Le ministre français de la défense Jean-Yves Le Drian en visite à N’Djamena, le 29 avril 2016, est reçu par le président Idriss Déby. | BRAHIM ADJI/AFP

N’Djamena, capitale du Tchad, est devenue une ville très fréquentée par les politiques français. Fin avril, Nathalie Kosciusko-Morizet, la candidate à la primaire de la droite et du centre qui entreprenait un déplacement de quatre jours auprès de l’armée française, est passée par le Tchad pour une « plongée au cœur du dispositif Barkhane », l’opération française chargée de lutter contre les groupes armés djihadistes dans la bande sahélo-saharienne. Quelques jours plus tard, c’était au tour du ministre de la défense, Jean-Yves Le Drian, de faire une halte à N’Djamena au cours d’un voyage de trois jours sur le continent. Il s’est entretenu en tête à tête avec Idriss Déby, le président qui vient d’être réélu au cours d’une élection contestée.

L’ancienne ville-garnison créée au début du XXe siècle par les militaires français qui ont colonisé le Tchad n’a jamais cessé d’être une zone stratégique pour les Français. Les opérations extérieures se sont succédé quasiment sans interruption depuis l’indépendance du pays. Aujourd’hui, le Tchad est le principal allié de la France dans la région et Idriss Déby dispose de soutiens importants à Paris, notamment dans les milieux militaires.

Partis en mission… sans prévenir

L’armée tchadienne est une armée à deux vitesses. D’un côté, des corps d’élite qui se battent au Mali contre Al-Qaida au Maghreb islamique (AQMI) et ses affidés et dans le bassin du lac Tchad contre Boko Haram. Cette armée bien équipée et bien entraînée bénéficie d’importants financements de la France et des Etats-Unis, qui ferment les yeux sur ses pratiques brutales et sa composition, essentiellement des proches du président Déby. De l’autre, il existe une armée qui dispose de peu de moyens et dont le recrutement est plus divers du point de vue de l’origine ethnique et des positions politiques.

Si les Français estiment les militaires engagés au Mali et au lac Tchad, ils ne se soucient guère du sort des « autres » militaires, ceux qui ont eu le mauvais goût de ne pas voter pour le président Idriss Déby lors de l’élection du 9 avril, et dont on est sans nouvelles depuis.

Depuis un mois, les organisations de défense des droits humains, notamment la Ligue tchadienne des droits de l’homme et Amnesty International, ont alerté sur la « disparition » de militaires, de gendarmes et de policiers. Ils seraient au moins vingt-trois.

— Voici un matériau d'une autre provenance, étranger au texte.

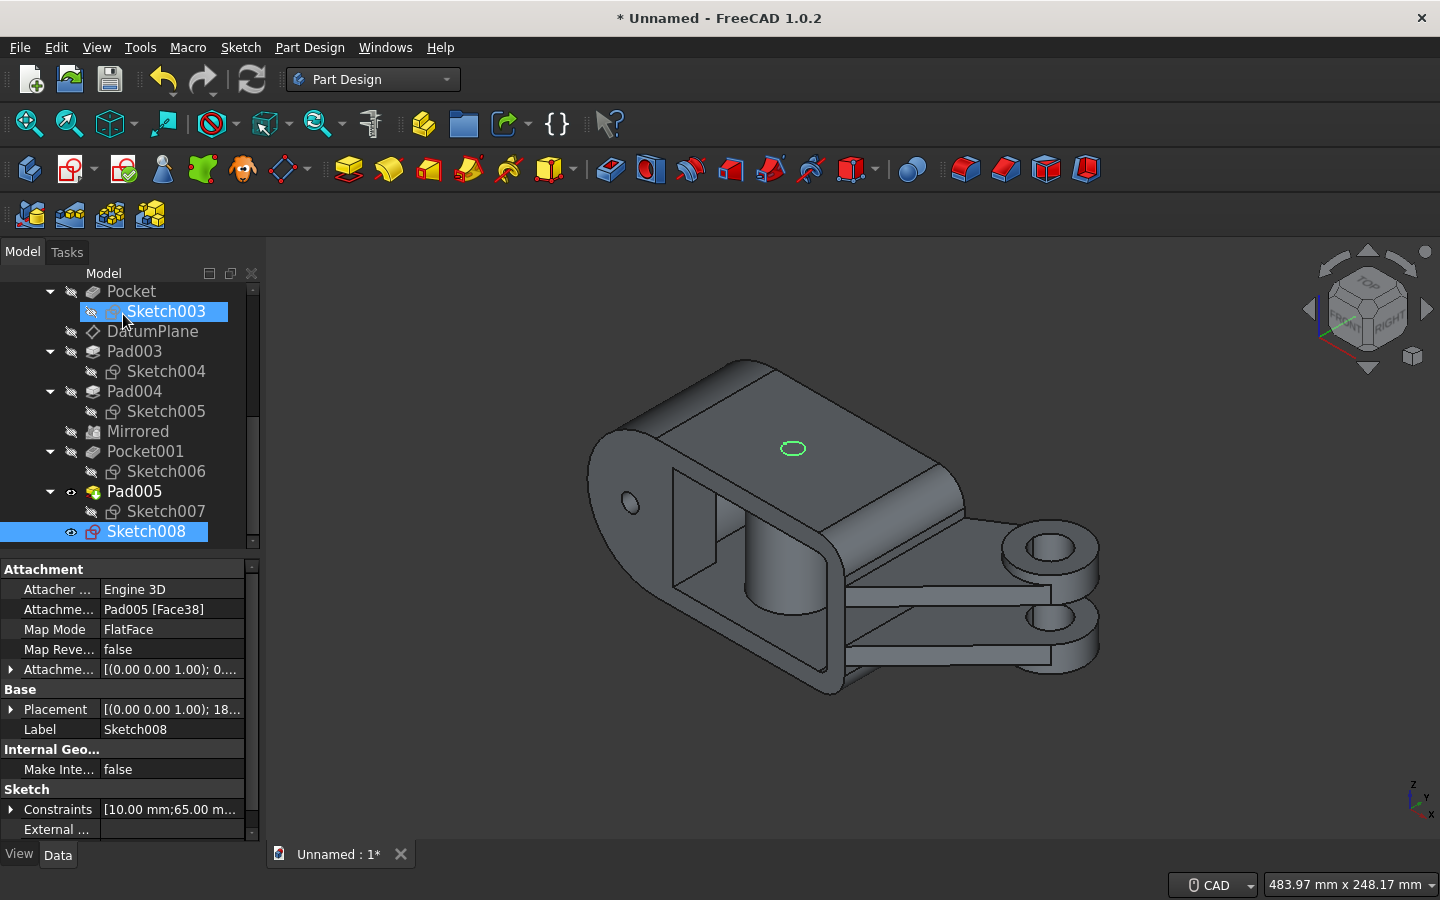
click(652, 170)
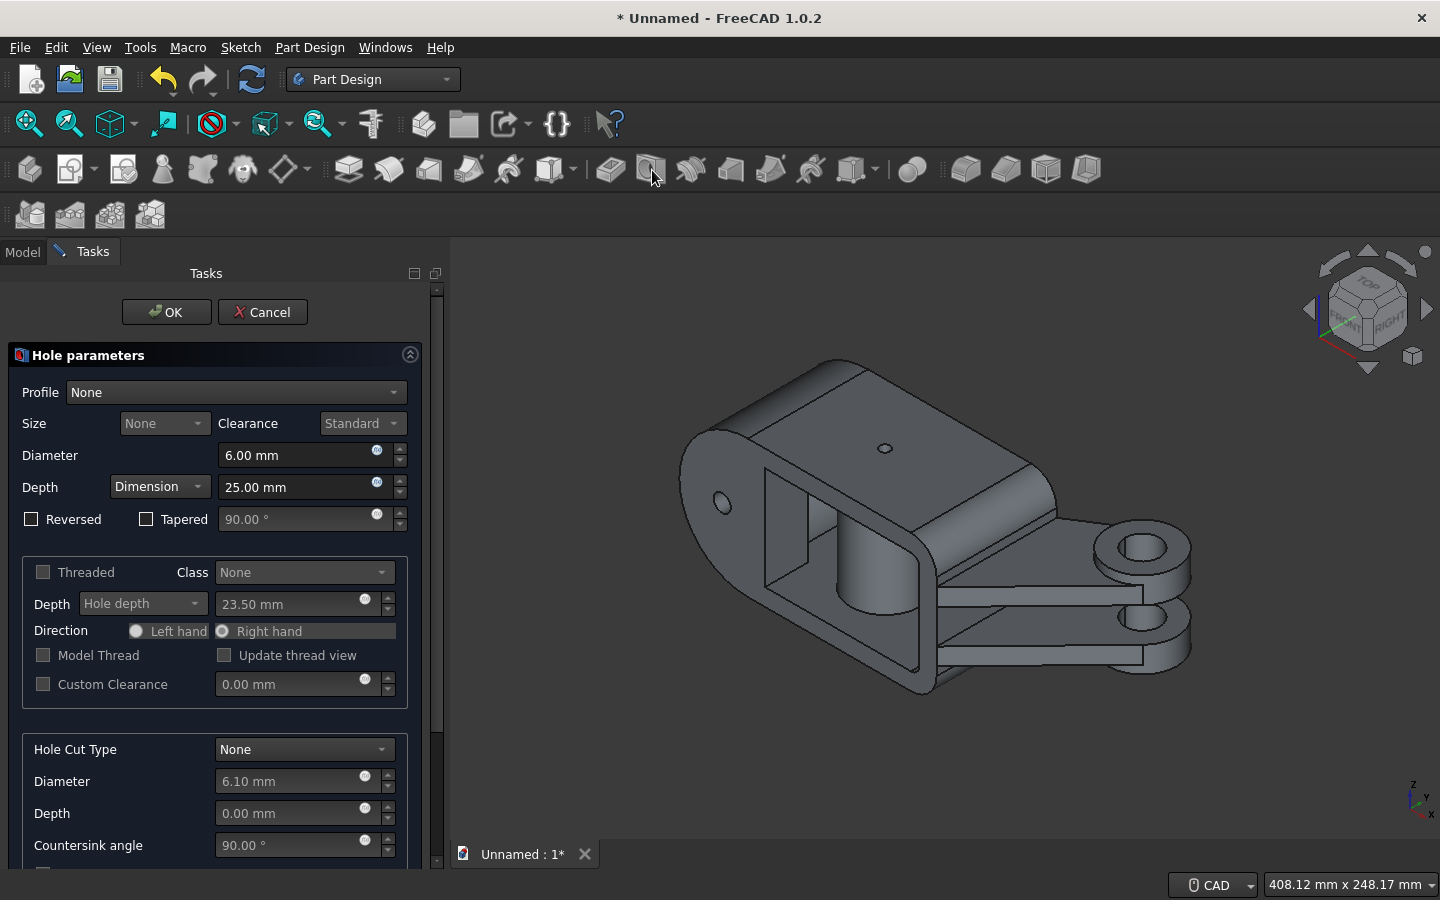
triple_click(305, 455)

Quatre personnes ont été présentées à la télévision nationale comme preuve qu’elles sont encore en vie, mais leurs proches ignorent où elles se trouvent et quand elles reviendront.

A propos des autres militaires présumés disparus, le ministère de la sécurité a répondu aux familles inquiètes qu’ils étaient partis en mission sans prévenir leurs proches. Une déclaration qui n’a rien de rassurant.

Impunité du pouvoir

Les proches des militaires sont d’autant plus inquiets que ce ne serait pas la première fois que des militaires et des civils seraient victimes de « disparitions forcées ». Il y a dix ans, début avril 2006, des militaires tchadiens soupçonnés de sympathie pour le mouvement rebelle qui s’apprêtait alors à attaquer la capitale ont été arrêtés et n’ont jamais reparu. Un peu moins de deux ans plus tard, c’était au tour de l’opposant Ibni Oumar Mahamat Saleh d’être victime d’une disparition forcée.

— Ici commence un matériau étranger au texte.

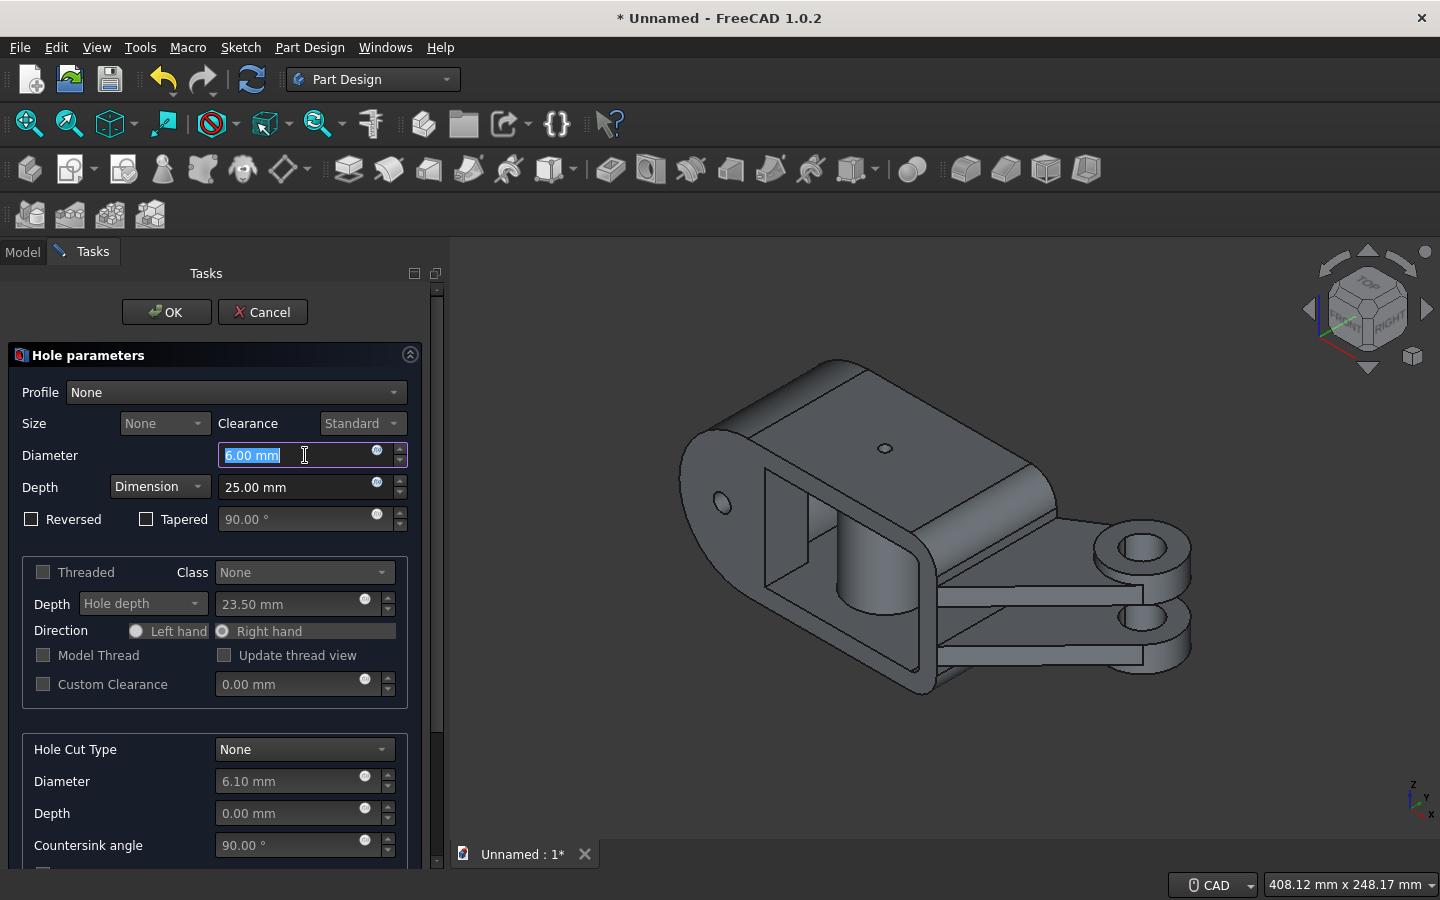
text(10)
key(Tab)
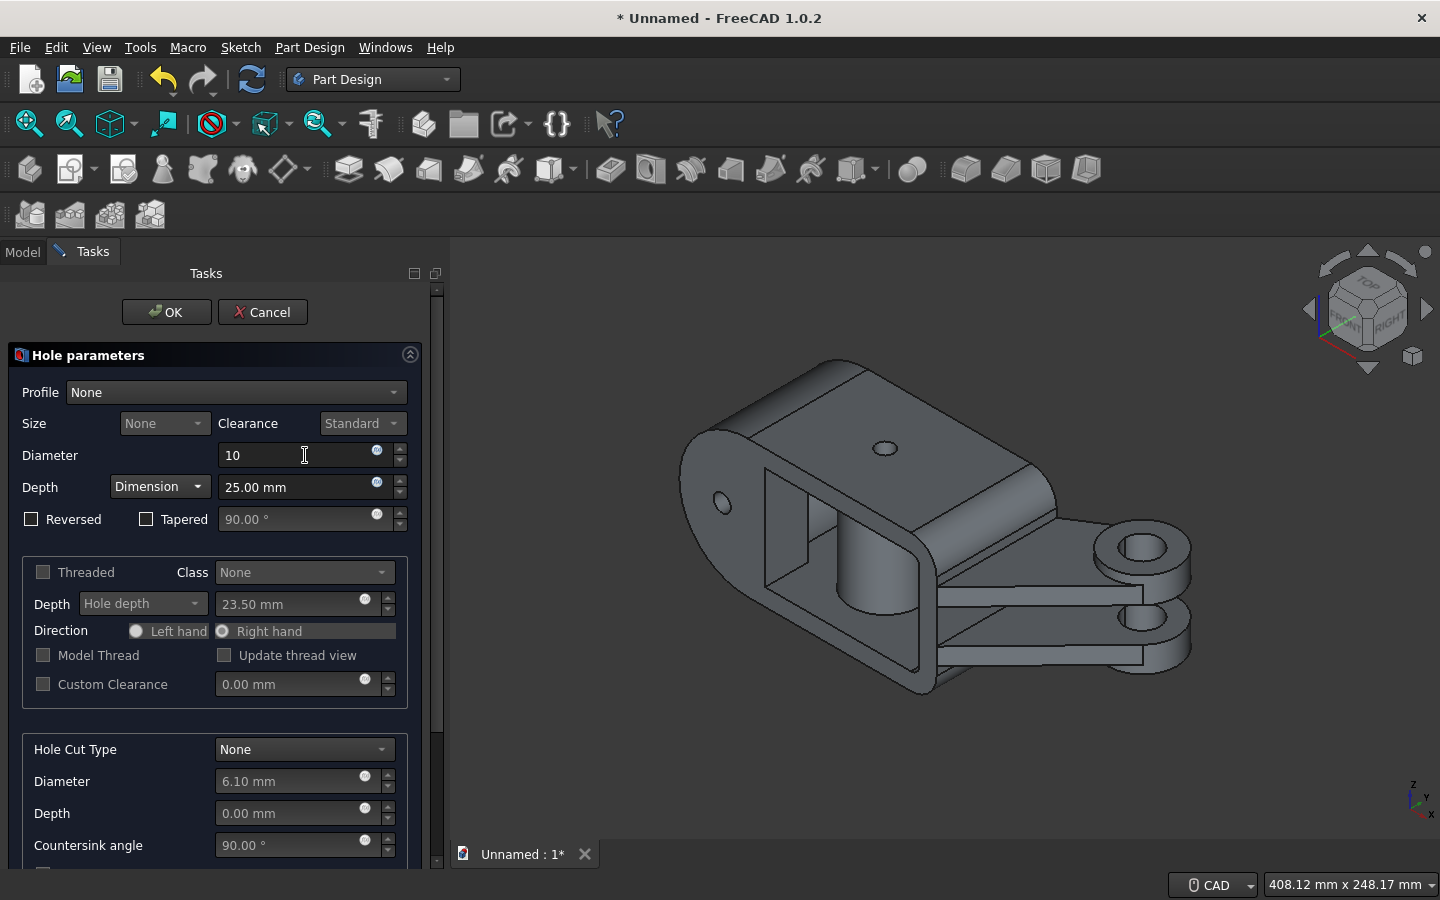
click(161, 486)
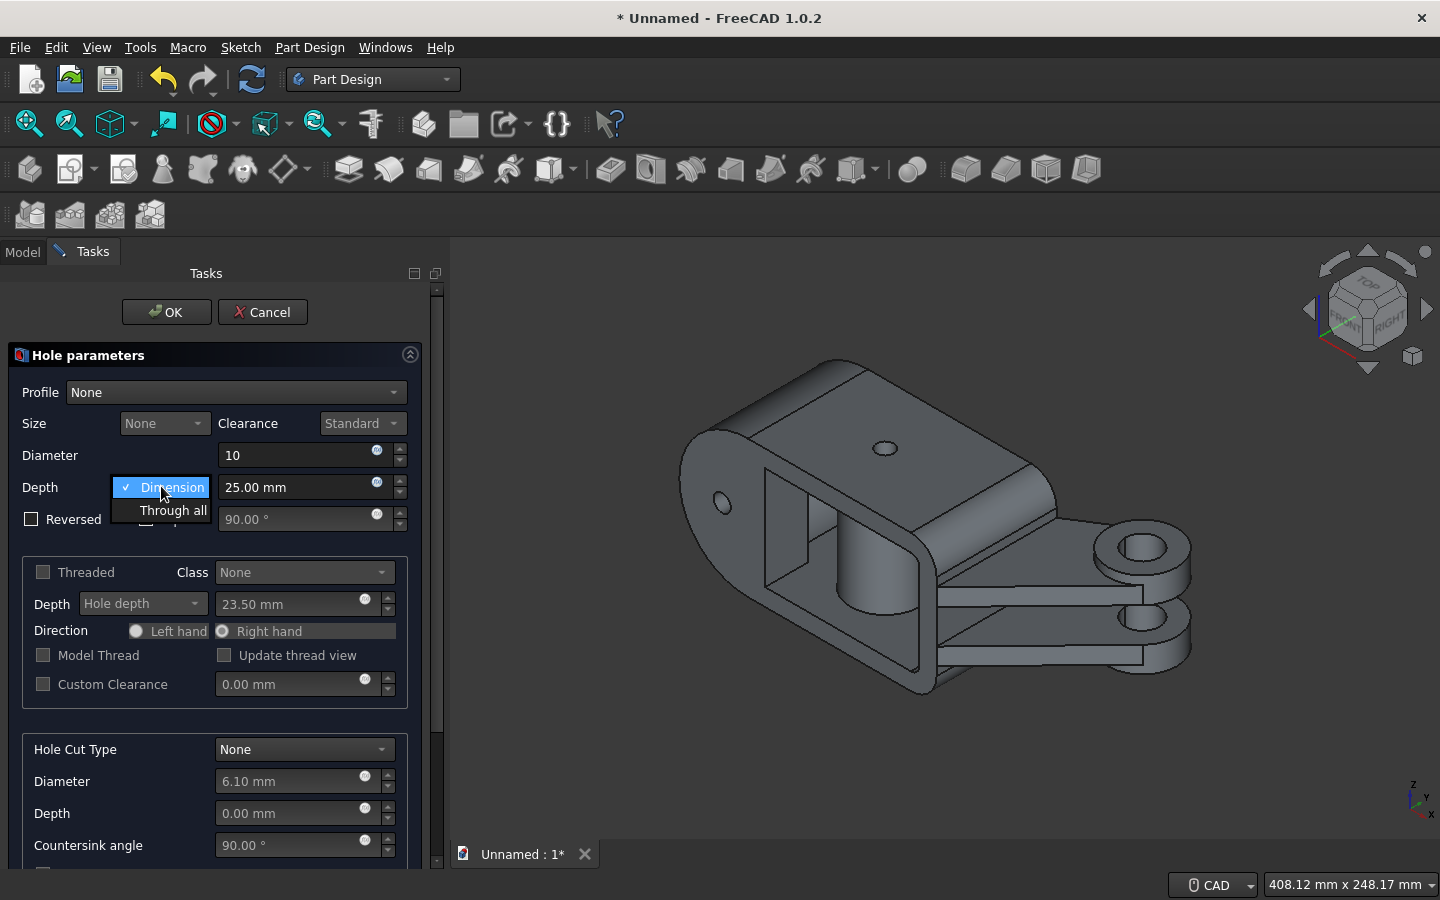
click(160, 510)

Le Tchad est-il en train de renouer avec les assassinats et les disparitions forcées ? Si les militaires et policiers arrêtés n’ont pas disparu, comme le prétend le pouvoir, où sont-ils ? Comment sont-ils traités ? Quand réapparaîtront-ils ?

S’ils ont effectivement disparu, les alliés du Tchad pourront-ils encore faire comme s’ils ne savaient rien ? L’ambassadrice américaine auprès des Nations unies, Samantha Power, a évoqué le sujet lors d’une rencontre avec le président Déby à N’Djamena.

Côté français, aucune déclaration publique. Le silence de la France de François Hollande s’inscrit dans une histoire longue d’alliances avec les hommes forts du Tchad. Si ce silence dure, on aura une nouvelle confirmation que la « guerre contre le terrorisme » a un coût élevé pour les Tchadiens et les Tchadiennes, militaires et civils, qui font les frais de l’impunité du pouvoir.

Marielle Debos est maîtresse de conférences en sciences politiques à l’Université Paris-Ouest Nanterre, chercheuse à l’Institut des sciences sociales du politique (ISP).